How to Handle Rejection


Rejection can be a terrible thing to feel. It’s the experience of being excluded, refused, or dismissed as inadequate. Basically, you end up with the feeling that you weren’t good enough. You weren’t good enough to get the job. You weren’t good enough to belong to the group. You weren’t good enough to be with that person. Everyone experiences rejection at some points in their lives. Since this is an inevitable part of life, let us share with you some powerful steps for overcoming rejection:

Be aware of different perspectives

Each version has a different perspective of reality. In any given situation, two people may think or react in the exact same manner. When these differences surface, conflicts arise and this is when one party can choose to severe ties and move on. Basically, when another person sees the world differently than you do, they will behave differently than you expect them to behave. Maybe they just have a different interpretation for what qualified for the job. In a different case, maybe your ex was just in a different stage in his or her life that doesn’t match yours. These rejections don’t necessarily speak about your worth and your competencies.

Think about different outcomes

One of the things that hurt about rejections is the fact that you’re disappointed. You may have been expecting a promotion, yet somebody else gets it.
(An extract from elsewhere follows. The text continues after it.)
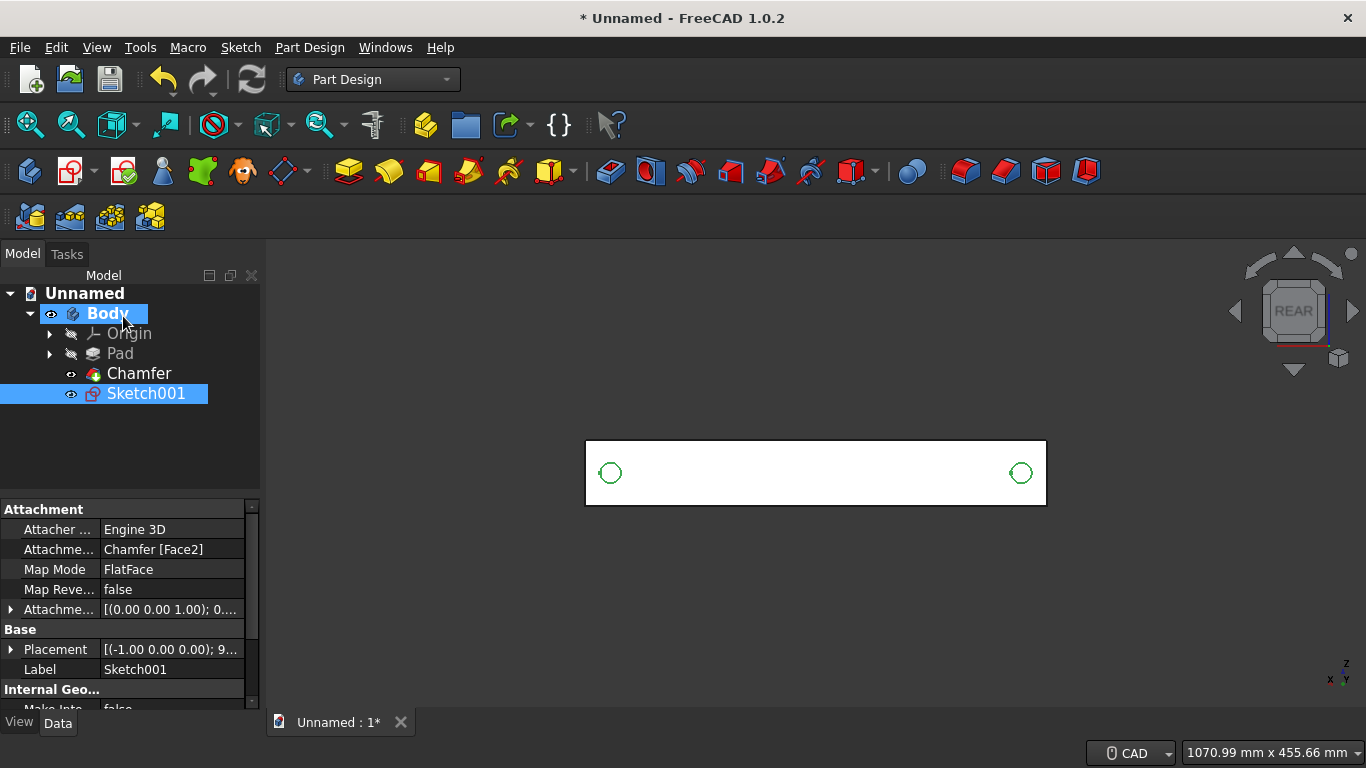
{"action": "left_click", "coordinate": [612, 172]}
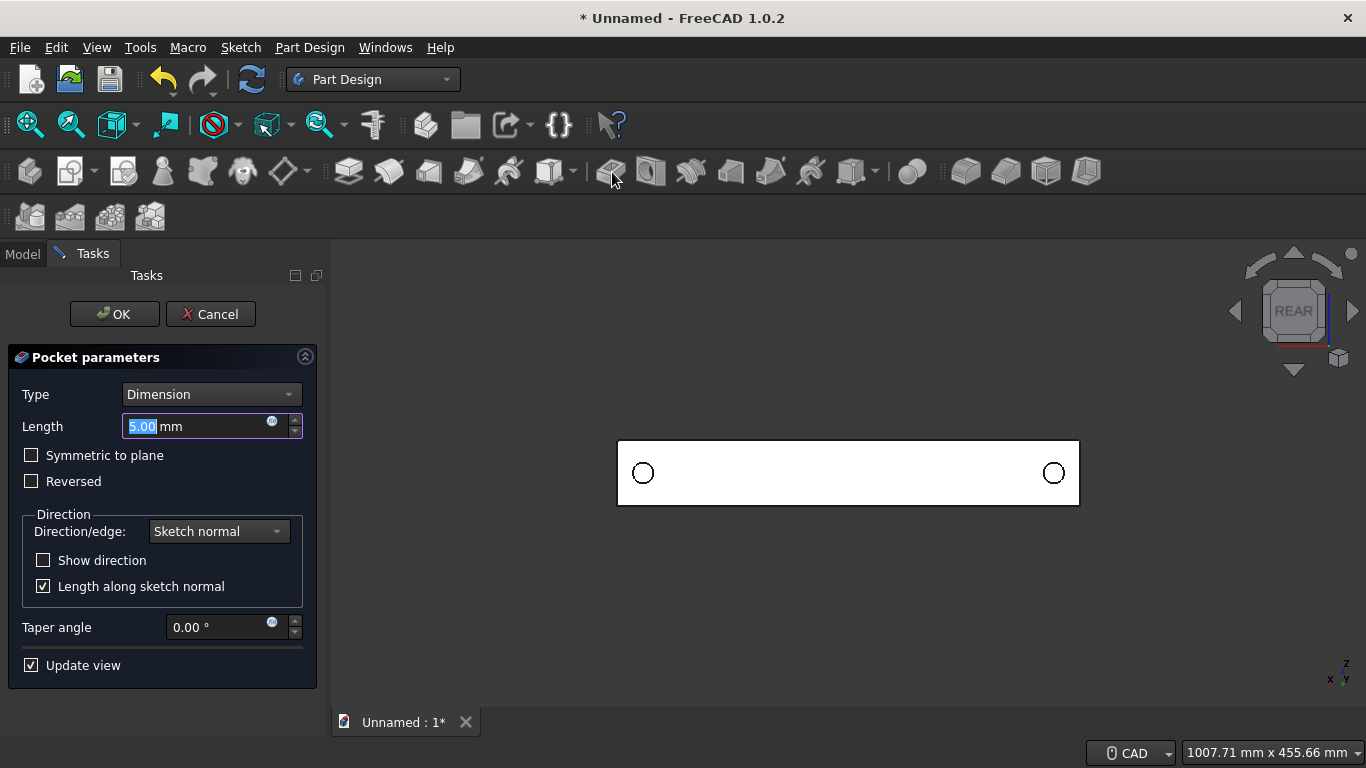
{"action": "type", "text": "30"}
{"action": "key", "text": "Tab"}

You may have been expecting a marriage proposal, but then he breaks up with you. These are painful partly because the future you envisioned will not be realized given these rejections.

What you can do is to force yourself to view the situation and consider different possible outcomes. While a breakup may be horrible right now, it can also be a chance for you to meet other people or do other things with your life. In life, it will help you if you’re open to uncertainty. Objectively imagine at least two possible reactions, one mandatorily less positive than the other. When you think about it and in some level are prepared to accept it, then you’ll be able to deal with rejections better.

Support these outcomes with rational explanations

Give reasons for each of the possible outcomes you are prepared to accept. Let’s say you’re going for a job opening. Don’t expect that you’ll get it, in the case that you’ll feel rejected if you don’t get it. But don’t expect you’ll be rejected either that you’ll lack confidence when it comes to the job interviews. Instead, tell yourself, “There are two possible outcomes to this job interview.” First, you could get hired. Why will you get hired? Come up with at least two to three reasons. Second, you might not get hired. Think about reasons as well. You can be overqualified. You may not be the right fit for the job because you need more experience. It might be because something better is meant for you.

Be objective in your analysis

When you’re objective in your analysis, you can achieve two goals. First, you can visualize both positive and negative outcomes for any situation. You’re already mentally preparing yourself for each outcome. Secondly, when you’re able to prepare for the negative outcome, you can minimise feelings of personalisation associated with the negative outcome. You’re also being honest by identifying one reason that involves an objective evaluation of your personal weakness.

 Avoid personalisation of every outcome

Handling rejection successfully is about avoiding any feelings that are unwarranted and unnecessary. This is not about feeding yourself some distorted version of reality or simply by “thinking positive”. Instead, it’s about the awareness of how we interpret a situation as something that devalues us, when it’s not. It’s about the tendency to overpersonalise negative outcomes. At the end of the day, when situations of rejection occur, it’s just because what you’ve got to offer is not what someone needed, it’s not because what you have to offer isn’t good enough; it’s just different.